海外文学読書録

書評と感想

深作欣二『仁義なき戦い 頂上作戦』(1974/日)

★★★★

昭和38年。広能(菅原文太)と打本(加藤武)は、明石組・岩井(梅宮辰夫)の力を借りて山守(金子信雄)と対抗しようとしていた。一方、山守は神和会と手を組んで相手の出方を待っている。山守組では若衆頭の武田(小林旭)が采配を振るい、広能との対決姿勢を強めていた。しかし、そうこうしているうちに事態は広島VS神戸の図式になり……。

『仁義なき戦い 代理戦争』の続編。

広島のやくざが神戸のやくざを巻き込んで抗争する。面白いのは、主役級のメンツが退場したのにまだ争いが続いているところだろう。というのも、今回の抗争で一番やる気を出していたのが広能なのだけど、彼は途中で逮捕されてしまう。しかし、残った連中は争いをやめない。その後しばらくして山守と打本も逮捕され、これで抗争の主役級は表舞台から去った。しかし、残った武田と岩井が抗争を継続し、事態は広島VS神戸の図式に変わっている。本来だったら広能が逮捕された時点で終わっていいはずなのに、こうも関係がこじれていて終戦するのも容易ではない。暴力団同士の抗争は、国家間同士の戦争に似ている。

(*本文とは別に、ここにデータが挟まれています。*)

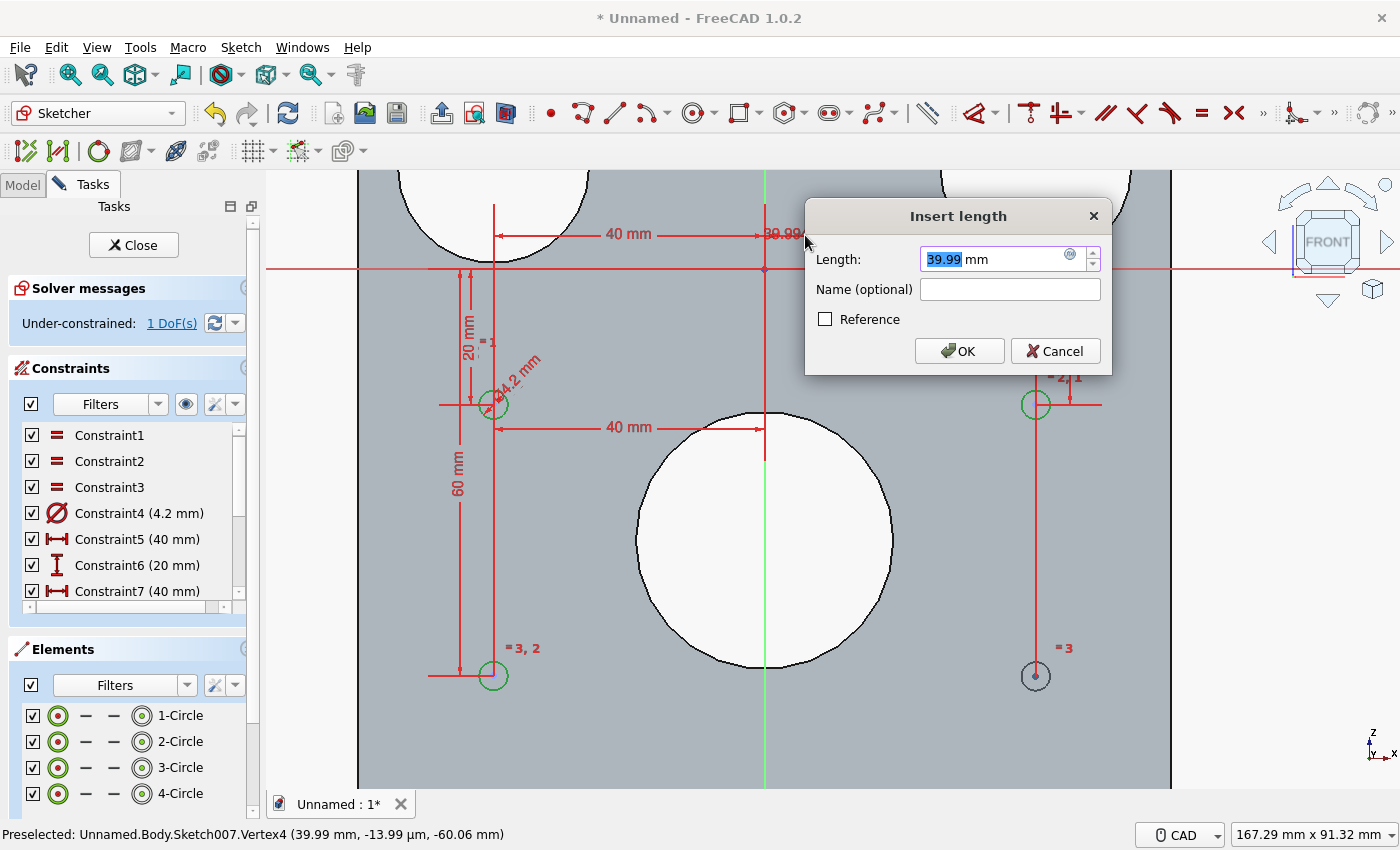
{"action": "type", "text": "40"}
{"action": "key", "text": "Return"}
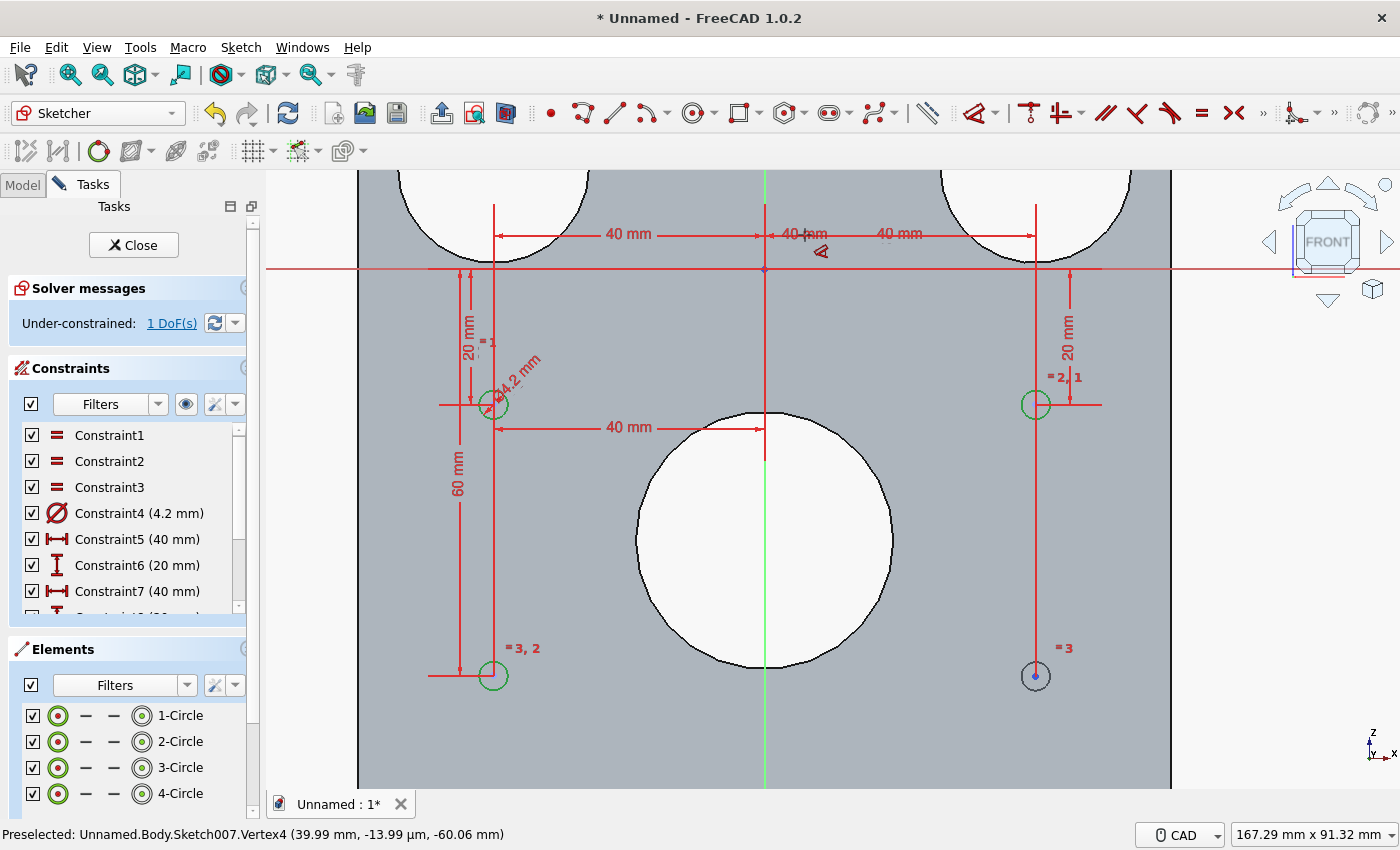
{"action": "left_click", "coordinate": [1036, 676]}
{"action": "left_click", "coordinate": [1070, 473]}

本作では高度経済成長を背景に警察が積極的に乗り出していて、市民社会が第三勢力になっているところがいつもと違っていた。前作まで警察の影は薄かったのに、本作では機動隊まで動員して、広能や山守、打本といった大物を逮捕している。暴対法が支配する現代と比べたらまだまだ緩いにしても、それでも組長クラスを逮捕するのはすごいことだろう。肩で風を切る彼らもアンタッチャブルではなかったのだ。みんなそれぞれ実刑を食らっていて、やくざ稼業も楽ではないと思う。

広能が山守に対し、積年の恨みを爆発させているところは、1作目から観ているとよく理解できる。とにかく広能はあのたぬき親父にいいように利用されすぎた。彼が山守と刺し違える気でいるのも無理はない。僕も広能に感情移入し、山守の断末魔を期待しながら観ていた。

ところで、このシリーズがリアルなのは、銃口を向けられたやくざが一様に焦った表情をするところだ。これが他のドラマだと、眉一つ動かさずに睨みを利かせたり、相手を冷静に説得して攻撃を逸らしたりする。でも、それは嘘っぱちで、本当はやくざでも銃にはびびるのだ。そういう人間臭い部分をさりげなく挿入しているところが、このシリーズのいいところだろう。

本作では武田を演じる小林旭が貫禄を見せていて、菅原文太と二枚看板になっていた。ライバルとして申し分ないと思う。また、終盤にある原爆スラムのエピソードはなかなか味があって、やくざの世界は社会の矛盾によって成り立っていることが分かる。意外と社会派な映画だった。